A Well-balanced Point-Average-Moment PolynomiAl-interpreted (PAMPA) Method for Shallow Water Equations with Horizontal Temperature Gradients

In this paper, we develop a novel well-balanced Point-Average-Moment PolynomiAl-interpreted (PAMPA) numerical method for solving the two-dimensional shallow water equations with temperature gradients on unstructured triangular meshes. The proposed PAMPA method use a globally continuous representation of the variables, with degree of freedoms (DoFs) consisting of point values on the edges and average values within each triangular element. The update of cell averages is carried out using a conservative form of the partial differential equations (PDEs), while the update of point values -- unconstrained by local conservation -- follows a non-conservative formulation.
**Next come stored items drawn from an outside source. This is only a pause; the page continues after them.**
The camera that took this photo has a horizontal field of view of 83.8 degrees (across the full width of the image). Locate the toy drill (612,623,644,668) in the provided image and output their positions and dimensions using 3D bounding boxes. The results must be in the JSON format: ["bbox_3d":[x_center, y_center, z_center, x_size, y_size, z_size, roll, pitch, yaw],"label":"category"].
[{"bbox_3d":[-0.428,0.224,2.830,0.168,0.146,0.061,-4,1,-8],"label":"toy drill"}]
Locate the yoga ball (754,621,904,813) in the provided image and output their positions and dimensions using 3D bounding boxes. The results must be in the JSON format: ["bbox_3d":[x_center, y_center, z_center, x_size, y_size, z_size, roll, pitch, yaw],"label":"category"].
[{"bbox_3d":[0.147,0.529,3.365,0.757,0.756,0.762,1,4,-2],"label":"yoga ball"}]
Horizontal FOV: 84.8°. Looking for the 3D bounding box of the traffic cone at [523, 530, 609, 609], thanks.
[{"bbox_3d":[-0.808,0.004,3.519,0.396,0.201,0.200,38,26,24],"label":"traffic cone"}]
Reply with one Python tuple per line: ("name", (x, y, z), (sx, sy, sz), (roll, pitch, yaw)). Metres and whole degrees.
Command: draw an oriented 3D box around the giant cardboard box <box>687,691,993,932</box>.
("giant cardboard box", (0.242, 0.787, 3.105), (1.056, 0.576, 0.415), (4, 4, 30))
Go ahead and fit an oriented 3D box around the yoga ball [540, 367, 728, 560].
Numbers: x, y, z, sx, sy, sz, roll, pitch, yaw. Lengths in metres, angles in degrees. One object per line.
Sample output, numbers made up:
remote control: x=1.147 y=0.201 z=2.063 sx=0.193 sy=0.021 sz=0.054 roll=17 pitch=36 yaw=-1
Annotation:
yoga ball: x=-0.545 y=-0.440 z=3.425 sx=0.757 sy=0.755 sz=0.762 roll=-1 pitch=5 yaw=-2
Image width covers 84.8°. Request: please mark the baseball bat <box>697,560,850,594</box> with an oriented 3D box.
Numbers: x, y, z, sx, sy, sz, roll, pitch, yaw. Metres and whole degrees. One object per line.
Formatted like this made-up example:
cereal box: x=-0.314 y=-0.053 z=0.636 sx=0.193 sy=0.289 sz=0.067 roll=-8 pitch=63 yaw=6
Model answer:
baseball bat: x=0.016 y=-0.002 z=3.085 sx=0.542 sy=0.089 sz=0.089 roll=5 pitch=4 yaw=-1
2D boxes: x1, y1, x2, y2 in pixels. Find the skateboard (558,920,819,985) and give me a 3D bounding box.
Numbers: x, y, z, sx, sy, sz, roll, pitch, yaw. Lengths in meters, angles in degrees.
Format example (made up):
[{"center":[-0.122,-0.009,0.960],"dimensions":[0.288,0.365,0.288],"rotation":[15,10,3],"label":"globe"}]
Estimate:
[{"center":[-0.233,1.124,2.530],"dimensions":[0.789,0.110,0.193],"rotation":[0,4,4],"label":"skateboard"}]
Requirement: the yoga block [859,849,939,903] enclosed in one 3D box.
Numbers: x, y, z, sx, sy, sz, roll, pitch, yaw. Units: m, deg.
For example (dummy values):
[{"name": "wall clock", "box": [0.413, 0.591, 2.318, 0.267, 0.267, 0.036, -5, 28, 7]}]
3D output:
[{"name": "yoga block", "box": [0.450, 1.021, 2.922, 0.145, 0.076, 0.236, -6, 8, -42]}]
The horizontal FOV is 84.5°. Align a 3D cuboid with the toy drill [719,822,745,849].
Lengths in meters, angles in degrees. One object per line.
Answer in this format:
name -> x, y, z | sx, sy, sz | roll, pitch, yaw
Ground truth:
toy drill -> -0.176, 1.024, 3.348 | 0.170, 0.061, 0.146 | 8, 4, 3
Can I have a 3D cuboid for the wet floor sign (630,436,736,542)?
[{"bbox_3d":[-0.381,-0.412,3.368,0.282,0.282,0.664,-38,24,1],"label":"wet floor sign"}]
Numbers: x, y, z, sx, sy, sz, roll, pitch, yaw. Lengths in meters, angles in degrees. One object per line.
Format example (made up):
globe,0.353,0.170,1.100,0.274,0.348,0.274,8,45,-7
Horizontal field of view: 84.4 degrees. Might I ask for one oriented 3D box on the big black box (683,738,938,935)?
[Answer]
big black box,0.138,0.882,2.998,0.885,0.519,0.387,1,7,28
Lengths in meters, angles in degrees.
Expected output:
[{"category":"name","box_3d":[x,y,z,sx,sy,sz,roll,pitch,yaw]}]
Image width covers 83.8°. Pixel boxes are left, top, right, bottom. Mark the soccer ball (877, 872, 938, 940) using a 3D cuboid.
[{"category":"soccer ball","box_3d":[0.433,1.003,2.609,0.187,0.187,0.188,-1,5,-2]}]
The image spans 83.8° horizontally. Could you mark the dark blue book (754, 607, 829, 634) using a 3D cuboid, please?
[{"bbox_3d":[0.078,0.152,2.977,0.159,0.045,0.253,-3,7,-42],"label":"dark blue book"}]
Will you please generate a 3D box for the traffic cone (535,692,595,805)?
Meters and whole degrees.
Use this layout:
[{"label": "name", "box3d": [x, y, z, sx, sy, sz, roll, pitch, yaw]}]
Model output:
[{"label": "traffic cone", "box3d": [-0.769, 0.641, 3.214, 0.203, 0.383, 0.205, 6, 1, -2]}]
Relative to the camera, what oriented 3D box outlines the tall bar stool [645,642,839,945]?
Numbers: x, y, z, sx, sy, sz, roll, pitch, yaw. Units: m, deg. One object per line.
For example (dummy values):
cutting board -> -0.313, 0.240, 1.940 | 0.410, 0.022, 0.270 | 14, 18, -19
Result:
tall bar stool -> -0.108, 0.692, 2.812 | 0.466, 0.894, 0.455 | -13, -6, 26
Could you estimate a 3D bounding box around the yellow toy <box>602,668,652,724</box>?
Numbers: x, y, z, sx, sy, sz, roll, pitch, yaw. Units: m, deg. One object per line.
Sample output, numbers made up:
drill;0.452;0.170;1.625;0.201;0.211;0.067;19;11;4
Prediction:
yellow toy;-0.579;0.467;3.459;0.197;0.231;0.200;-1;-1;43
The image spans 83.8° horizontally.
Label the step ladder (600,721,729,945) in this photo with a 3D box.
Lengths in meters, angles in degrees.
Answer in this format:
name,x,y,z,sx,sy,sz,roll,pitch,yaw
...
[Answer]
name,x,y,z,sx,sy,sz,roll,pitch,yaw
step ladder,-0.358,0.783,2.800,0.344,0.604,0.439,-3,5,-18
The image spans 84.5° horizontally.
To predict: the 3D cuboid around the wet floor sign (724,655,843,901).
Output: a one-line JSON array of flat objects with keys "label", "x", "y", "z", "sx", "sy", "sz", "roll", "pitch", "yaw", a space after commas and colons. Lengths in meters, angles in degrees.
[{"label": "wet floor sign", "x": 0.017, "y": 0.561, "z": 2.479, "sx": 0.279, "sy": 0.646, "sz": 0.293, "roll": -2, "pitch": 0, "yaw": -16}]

The powerful PAMPA framework offers great flexibility in the choice of variables for the non-conservative form, including conservative variables, primitive variables, and other possible sets of variables. In order to preserve a wider class of steady-state solutions, we introduce pressure-momentum-temperature variables instead of using the standard conservative or primitive ones. By utilizing these new variables and the associated non-conservative form, along with adopting suitable Gaussian quadrature rules in the discretization of conservative form, we prove that this new class of schemes is well-balanced for both ``lake at rest'' and isobaric steady states. We validate the performance of the proposed well-balanced PAMPA method through a series of numerical experiments, demonstrating their high-order accuracy, well-balancedness, and robustness.